◆ PROBLEM DESCRIPTION
Copy out exactly the lines below that run from the one holding "0.62. What is" to the one holding "Keep it short and to the point. 1.34.", keeping both of those lines and no others.

◆ RECORD EXCERPTS
....

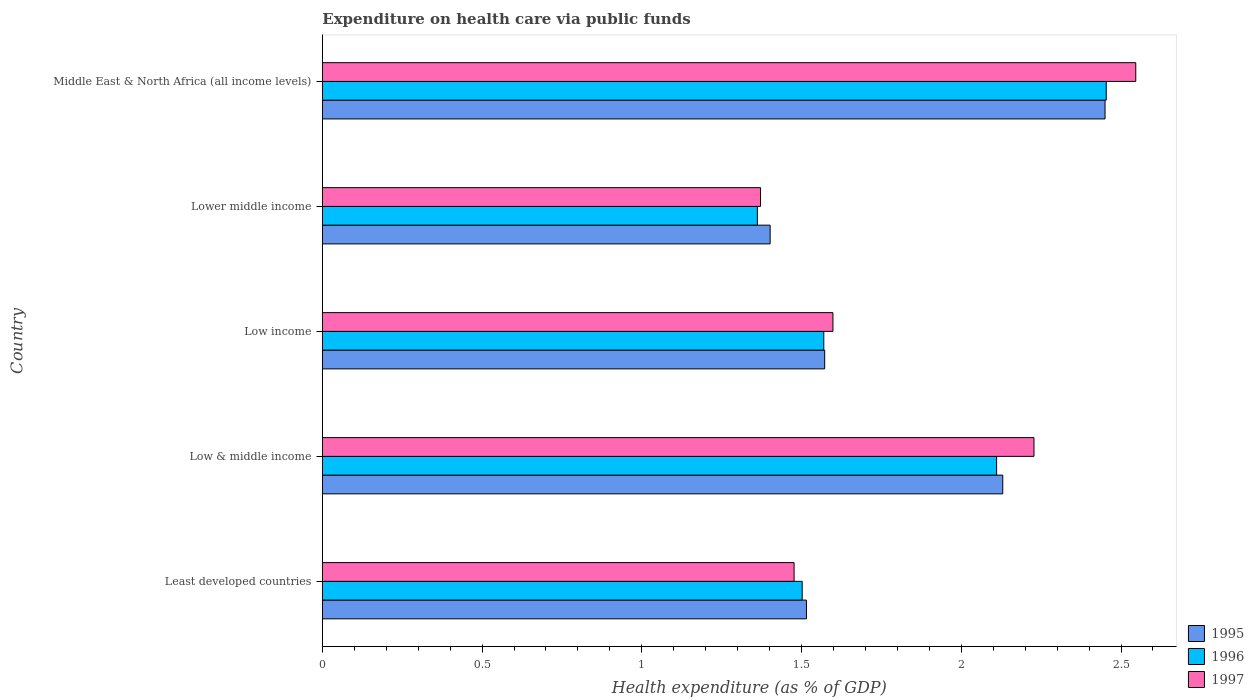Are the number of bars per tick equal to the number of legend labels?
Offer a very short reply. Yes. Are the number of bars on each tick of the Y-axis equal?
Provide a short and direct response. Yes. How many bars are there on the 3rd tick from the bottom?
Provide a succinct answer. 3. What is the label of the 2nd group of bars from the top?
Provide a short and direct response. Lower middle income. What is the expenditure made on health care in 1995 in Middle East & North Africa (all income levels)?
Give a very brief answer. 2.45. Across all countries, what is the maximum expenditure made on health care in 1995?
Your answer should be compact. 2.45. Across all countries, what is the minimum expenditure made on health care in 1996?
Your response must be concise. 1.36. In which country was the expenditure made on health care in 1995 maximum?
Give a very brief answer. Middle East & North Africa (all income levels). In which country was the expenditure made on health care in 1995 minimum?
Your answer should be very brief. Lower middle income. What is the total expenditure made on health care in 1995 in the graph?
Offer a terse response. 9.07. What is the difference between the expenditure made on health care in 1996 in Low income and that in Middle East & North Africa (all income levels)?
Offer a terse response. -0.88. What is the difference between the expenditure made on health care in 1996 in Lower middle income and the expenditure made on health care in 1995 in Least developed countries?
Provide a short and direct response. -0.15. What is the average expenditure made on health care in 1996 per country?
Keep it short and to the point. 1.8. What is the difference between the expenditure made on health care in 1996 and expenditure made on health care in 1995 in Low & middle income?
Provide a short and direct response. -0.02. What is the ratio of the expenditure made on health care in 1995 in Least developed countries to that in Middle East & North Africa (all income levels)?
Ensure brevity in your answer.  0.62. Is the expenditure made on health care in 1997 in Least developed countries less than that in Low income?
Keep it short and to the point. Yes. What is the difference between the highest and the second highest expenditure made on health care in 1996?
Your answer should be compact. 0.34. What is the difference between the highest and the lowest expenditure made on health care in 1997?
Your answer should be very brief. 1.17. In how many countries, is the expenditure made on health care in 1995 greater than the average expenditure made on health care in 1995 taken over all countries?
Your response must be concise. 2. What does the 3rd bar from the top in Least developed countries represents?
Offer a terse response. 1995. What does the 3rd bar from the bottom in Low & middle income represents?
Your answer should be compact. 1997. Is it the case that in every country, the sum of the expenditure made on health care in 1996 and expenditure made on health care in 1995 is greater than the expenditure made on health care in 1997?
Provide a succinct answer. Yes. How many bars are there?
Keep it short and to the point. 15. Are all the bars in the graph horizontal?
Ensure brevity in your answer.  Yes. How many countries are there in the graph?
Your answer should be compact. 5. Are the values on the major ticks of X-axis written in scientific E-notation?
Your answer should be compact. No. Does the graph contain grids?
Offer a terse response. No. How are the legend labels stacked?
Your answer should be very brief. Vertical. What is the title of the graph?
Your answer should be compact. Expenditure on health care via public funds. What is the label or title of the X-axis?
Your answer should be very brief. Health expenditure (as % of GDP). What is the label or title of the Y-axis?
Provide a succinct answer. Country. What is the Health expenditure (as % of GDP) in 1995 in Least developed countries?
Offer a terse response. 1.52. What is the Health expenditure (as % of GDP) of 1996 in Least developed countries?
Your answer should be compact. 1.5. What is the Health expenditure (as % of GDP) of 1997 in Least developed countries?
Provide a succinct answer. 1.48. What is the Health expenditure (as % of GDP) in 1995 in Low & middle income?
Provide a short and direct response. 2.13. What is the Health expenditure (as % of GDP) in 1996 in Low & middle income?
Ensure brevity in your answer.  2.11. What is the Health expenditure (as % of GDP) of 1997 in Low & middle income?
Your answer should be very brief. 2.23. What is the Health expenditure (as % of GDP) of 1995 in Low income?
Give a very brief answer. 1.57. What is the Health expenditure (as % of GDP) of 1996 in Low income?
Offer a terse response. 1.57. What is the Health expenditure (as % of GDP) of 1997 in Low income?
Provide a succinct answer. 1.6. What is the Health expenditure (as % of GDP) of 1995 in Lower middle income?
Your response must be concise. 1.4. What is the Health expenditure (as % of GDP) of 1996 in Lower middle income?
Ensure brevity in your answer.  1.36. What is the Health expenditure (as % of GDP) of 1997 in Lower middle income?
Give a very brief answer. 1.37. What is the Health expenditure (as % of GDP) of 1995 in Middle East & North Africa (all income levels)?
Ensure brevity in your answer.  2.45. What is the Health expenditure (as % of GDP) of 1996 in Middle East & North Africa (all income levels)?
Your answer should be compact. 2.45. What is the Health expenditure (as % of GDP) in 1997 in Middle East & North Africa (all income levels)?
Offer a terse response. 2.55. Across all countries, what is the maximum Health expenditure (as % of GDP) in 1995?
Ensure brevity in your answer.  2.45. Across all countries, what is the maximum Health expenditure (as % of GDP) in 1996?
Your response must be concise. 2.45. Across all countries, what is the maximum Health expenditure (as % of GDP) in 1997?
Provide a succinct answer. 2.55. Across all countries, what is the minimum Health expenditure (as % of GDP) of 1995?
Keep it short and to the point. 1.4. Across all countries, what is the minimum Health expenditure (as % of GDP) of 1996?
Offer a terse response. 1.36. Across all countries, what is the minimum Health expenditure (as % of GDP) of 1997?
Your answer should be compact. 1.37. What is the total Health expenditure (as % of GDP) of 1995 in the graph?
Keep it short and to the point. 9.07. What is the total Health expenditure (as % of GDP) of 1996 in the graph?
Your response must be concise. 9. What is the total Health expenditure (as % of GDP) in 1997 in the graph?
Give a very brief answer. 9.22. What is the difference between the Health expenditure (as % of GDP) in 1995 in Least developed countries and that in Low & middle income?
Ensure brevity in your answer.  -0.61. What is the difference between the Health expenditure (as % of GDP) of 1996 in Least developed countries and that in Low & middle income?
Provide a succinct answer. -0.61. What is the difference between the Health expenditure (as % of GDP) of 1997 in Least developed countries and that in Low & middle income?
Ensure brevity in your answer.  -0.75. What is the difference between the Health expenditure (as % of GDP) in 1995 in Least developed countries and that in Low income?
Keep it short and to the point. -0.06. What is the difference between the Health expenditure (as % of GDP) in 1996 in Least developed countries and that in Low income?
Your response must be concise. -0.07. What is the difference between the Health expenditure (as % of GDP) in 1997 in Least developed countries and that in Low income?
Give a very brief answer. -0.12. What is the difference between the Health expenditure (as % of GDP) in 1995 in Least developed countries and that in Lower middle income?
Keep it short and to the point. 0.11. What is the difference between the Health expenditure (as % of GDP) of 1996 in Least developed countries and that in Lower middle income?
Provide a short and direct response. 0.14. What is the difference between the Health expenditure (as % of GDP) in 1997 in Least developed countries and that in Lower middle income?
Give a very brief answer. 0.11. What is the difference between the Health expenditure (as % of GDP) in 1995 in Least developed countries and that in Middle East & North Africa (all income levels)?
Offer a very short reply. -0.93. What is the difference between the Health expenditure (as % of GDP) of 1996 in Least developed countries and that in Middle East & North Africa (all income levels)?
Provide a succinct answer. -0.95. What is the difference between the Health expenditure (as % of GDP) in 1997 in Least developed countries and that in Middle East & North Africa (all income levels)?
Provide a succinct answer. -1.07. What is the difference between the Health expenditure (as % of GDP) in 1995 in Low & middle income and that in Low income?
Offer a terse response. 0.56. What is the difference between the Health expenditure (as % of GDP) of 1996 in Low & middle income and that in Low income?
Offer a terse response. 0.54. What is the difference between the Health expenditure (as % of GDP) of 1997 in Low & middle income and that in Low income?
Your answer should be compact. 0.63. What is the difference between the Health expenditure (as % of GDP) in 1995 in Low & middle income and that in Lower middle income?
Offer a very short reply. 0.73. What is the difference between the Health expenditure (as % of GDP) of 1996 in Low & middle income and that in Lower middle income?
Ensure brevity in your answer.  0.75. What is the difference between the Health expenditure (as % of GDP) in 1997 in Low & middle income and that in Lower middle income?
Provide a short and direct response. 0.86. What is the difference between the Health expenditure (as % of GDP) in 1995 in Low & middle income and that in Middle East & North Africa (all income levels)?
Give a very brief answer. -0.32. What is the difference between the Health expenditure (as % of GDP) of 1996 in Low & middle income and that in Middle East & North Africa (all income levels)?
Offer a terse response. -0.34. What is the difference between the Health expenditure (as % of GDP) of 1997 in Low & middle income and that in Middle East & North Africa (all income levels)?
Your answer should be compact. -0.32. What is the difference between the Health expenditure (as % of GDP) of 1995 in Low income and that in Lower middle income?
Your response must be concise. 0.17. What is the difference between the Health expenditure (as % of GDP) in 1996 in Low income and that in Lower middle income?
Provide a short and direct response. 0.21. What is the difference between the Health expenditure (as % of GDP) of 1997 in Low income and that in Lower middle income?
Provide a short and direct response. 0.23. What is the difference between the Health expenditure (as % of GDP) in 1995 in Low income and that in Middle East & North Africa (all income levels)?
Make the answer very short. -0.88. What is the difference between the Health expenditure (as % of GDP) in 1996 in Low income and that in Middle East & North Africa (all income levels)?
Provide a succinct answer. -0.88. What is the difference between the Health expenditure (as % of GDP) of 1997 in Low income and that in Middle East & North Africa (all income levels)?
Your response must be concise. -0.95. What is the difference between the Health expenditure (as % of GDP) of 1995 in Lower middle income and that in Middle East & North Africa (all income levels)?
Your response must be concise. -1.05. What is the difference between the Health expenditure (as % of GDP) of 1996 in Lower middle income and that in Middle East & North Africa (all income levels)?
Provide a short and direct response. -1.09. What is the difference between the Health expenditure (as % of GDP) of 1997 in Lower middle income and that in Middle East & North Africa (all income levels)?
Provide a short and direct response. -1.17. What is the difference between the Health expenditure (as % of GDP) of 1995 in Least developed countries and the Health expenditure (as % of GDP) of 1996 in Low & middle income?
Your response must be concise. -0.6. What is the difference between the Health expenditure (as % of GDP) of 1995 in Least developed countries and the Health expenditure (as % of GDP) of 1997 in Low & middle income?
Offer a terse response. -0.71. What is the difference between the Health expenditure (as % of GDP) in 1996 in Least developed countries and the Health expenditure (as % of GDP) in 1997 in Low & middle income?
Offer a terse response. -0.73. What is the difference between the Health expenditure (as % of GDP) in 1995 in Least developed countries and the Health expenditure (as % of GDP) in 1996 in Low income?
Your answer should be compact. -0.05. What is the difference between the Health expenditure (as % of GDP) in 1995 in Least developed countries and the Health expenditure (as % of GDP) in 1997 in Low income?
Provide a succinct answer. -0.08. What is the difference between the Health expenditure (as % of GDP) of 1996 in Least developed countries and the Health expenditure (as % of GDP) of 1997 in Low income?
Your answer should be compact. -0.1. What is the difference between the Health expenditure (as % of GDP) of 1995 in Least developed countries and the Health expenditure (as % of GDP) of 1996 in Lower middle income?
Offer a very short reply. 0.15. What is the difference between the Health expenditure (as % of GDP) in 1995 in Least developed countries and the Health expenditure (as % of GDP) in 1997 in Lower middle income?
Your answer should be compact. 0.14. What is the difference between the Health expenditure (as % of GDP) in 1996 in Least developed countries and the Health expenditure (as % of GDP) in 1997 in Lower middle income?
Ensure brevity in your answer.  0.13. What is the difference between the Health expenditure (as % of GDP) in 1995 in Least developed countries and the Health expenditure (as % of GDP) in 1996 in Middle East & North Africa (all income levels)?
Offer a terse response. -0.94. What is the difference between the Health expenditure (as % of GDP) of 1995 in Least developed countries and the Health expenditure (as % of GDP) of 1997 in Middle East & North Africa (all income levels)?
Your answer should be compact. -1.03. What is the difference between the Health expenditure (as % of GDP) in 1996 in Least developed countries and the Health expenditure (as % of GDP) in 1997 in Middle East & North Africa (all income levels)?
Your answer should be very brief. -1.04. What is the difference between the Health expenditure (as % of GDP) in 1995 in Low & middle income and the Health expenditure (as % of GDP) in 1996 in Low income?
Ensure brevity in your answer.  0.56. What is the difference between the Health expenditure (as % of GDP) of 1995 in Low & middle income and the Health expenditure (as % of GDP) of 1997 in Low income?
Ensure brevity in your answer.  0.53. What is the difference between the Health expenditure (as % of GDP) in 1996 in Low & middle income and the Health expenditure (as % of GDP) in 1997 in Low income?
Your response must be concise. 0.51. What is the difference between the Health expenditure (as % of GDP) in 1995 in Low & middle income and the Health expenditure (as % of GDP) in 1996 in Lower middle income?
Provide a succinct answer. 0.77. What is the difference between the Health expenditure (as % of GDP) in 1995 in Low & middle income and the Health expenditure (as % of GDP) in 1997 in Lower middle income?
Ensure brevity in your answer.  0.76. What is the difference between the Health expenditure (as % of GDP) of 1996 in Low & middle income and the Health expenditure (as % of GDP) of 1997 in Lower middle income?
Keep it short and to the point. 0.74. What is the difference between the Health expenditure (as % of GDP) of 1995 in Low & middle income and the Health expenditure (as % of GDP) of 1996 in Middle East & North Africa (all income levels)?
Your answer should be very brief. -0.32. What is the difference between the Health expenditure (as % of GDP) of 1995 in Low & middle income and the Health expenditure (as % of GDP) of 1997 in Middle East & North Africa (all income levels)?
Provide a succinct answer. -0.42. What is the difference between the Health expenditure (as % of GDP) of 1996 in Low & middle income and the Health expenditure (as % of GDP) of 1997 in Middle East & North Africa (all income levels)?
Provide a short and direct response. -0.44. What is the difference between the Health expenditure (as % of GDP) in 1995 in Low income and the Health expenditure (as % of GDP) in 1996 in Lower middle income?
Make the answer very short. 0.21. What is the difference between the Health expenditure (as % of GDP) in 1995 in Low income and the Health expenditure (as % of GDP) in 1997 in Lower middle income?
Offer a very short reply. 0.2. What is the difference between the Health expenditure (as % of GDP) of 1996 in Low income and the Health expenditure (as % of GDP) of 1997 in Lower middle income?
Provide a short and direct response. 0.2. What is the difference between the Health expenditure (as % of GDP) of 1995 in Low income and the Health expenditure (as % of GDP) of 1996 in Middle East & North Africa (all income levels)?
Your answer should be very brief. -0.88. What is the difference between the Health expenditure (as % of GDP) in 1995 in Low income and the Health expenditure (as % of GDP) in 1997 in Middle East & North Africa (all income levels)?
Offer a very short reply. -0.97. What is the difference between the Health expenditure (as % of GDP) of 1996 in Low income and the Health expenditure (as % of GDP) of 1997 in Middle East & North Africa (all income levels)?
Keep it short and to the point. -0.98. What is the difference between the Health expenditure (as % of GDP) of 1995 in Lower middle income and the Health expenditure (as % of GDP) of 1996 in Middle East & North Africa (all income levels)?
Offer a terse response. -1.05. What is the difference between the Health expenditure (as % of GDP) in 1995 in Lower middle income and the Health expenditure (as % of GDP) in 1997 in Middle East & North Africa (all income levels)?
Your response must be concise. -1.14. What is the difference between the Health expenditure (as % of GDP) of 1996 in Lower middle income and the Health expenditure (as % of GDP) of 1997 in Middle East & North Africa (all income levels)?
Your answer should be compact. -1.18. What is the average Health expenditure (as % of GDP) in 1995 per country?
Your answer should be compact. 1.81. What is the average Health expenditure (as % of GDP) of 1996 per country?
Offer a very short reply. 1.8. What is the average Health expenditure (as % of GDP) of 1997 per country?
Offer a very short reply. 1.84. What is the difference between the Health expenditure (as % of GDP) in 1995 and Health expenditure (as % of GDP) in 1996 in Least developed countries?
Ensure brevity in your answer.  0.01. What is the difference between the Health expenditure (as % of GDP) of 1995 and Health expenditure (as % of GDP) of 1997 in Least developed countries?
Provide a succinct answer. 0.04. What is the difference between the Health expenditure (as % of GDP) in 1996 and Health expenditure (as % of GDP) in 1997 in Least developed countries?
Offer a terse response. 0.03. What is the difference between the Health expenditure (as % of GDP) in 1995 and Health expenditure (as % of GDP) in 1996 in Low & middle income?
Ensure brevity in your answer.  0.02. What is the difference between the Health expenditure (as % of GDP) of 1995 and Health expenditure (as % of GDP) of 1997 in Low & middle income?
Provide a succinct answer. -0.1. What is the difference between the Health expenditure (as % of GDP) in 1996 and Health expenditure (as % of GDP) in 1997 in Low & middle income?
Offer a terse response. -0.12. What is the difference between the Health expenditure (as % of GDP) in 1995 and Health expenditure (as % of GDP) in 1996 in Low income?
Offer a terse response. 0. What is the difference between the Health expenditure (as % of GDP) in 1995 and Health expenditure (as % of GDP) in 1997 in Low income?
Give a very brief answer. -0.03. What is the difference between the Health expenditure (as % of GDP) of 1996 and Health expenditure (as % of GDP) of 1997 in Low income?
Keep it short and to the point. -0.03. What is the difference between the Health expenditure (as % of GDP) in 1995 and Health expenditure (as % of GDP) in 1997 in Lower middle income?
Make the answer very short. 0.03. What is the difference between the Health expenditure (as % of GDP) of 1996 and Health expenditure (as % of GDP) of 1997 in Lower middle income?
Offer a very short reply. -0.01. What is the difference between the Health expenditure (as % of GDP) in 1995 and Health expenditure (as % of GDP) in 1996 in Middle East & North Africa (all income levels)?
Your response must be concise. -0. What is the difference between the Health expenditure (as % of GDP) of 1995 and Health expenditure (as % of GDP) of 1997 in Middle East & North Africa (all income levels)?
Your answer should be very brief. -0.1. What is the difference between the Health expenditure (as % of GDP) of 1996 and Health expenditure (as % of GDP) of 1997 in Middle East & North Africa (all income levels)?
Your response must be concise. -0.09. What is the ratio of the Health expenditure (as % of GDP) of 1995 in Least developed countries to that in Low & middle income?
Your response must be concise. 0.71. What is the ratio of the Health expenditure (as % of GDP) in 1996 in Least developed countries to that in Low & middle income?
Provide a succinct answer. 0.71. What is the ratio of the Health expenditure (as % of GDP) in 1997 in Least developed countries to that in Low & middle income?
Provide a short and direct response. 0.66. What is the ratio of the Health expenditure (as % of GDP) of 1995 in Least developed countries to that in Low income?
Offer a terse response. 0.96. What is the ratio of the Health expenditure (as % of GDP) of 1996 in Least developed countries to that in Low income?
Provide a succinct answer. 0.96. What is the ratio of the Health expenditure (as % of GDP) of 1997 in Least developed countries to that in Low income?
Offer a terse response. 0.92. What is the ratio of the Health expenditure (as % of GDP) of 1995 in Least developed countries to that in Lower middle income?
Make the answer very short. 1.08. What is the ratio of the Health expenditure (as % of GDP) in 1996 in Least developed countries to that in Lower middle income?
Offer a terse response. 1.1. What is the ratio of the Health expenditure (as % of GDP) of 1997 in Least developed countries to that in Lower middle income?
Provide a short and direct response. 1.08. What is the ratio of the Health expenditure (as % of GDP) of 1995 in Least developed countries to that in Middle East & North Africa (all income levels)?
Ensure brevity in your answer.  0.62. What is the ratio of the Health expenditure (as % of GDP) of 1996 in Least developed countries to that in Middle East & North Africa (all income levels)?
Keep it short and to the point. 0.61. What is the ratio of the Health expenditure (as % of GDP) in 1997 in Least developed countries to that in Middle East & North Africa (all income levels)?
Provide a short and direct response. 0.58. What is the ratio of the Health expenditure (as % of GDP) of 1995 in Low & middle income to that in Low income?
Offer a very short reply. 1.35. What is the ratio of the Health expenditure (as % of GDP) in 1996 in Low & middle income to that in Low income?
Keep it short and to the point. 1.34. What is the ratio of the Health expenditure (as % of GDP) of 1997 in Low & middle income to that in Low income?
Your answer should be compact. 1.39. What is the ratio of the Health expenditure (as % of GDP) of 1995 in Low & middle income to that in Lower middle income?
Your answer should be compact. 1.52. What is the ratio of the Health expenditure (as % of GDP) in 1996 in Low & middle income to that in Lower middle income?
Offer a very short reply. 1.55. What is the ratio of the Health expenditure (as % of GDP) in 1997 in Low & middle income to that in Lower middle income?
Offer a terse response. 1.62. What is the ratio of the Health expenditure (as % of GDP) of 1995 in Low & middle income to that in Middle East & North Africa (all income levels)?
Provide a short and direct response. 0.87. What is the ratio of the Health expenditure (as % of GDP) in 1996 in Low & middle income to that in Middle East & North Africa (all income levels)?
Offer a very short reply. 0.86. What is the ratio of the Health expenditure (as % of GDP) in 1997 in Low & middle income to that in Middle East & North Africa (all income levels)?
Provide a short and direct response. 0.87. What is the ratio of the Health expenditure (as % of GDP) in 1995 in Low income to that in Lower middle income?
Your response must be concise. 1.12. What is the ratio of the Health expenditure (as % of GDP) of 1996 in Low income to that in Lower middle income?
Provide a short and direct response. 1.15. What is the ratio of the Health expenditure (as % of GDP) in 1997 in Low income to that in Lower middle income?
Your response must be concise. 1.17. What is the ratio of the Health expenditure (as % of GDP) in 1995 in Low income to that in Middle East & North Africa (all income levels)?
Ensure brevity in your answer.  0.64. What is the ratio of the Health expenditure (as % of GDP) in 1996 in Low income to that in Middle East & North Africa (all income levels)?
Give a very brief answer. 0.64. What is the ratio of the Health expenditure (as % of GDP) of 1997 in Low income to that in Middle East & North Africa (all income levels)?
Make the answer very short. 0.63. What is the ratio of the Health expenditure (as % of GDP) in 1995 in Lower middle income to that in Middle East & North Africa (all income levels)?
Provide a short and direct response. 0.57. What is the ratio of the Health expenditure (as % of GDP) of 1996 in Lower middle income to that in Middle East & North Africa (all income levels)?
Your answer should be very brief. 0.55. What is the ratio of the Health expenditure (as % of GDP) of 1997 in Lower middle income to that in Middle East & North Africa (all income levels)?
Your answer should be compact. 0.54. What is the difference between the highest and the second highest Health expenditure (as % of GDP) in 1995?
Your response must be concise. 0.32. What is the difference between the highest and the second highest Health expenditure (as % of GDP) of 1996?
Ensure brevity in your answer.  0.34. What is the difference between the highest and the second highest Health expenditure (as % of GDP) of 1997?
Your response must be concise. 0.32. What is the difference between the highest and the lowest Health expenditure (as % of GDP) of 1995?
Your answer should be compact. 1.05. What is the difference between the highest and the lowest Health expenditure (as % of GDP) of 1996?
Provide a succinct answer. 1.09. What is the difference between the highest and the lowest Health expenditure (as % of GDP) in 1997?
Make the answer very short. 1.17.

....

◆ SOLUTION FOR THIS TASK
Ensure brevity in your answer.  0.62. What is the ratio of the Health expenditure (as % of GDP) of 1996 in Least developed countries to that in Middle East & North Africa (all income levels)?
Keep it short and to the point. 0.61. What is the ratio of the Health expenditure (as % of GDP) in 1997 in Least developed countries to that in Middle East & North Africa (all income levels)?
Provide a short and direct response. 0.58. What is the ratio of the Health expenditure (as % of GDP) of 1995 in Low & middle income to that in Low income?
Offer a very short reply. 1.35. What is the ratio of the Health expenditure (as % of GDP) in 1996 in Low & middle income to that in Low income?
Keep it short and to the point. 1.34. What is the ratio of the Health expenditure (as % of GDP) of 1997 in Low & middle income to that in Low income?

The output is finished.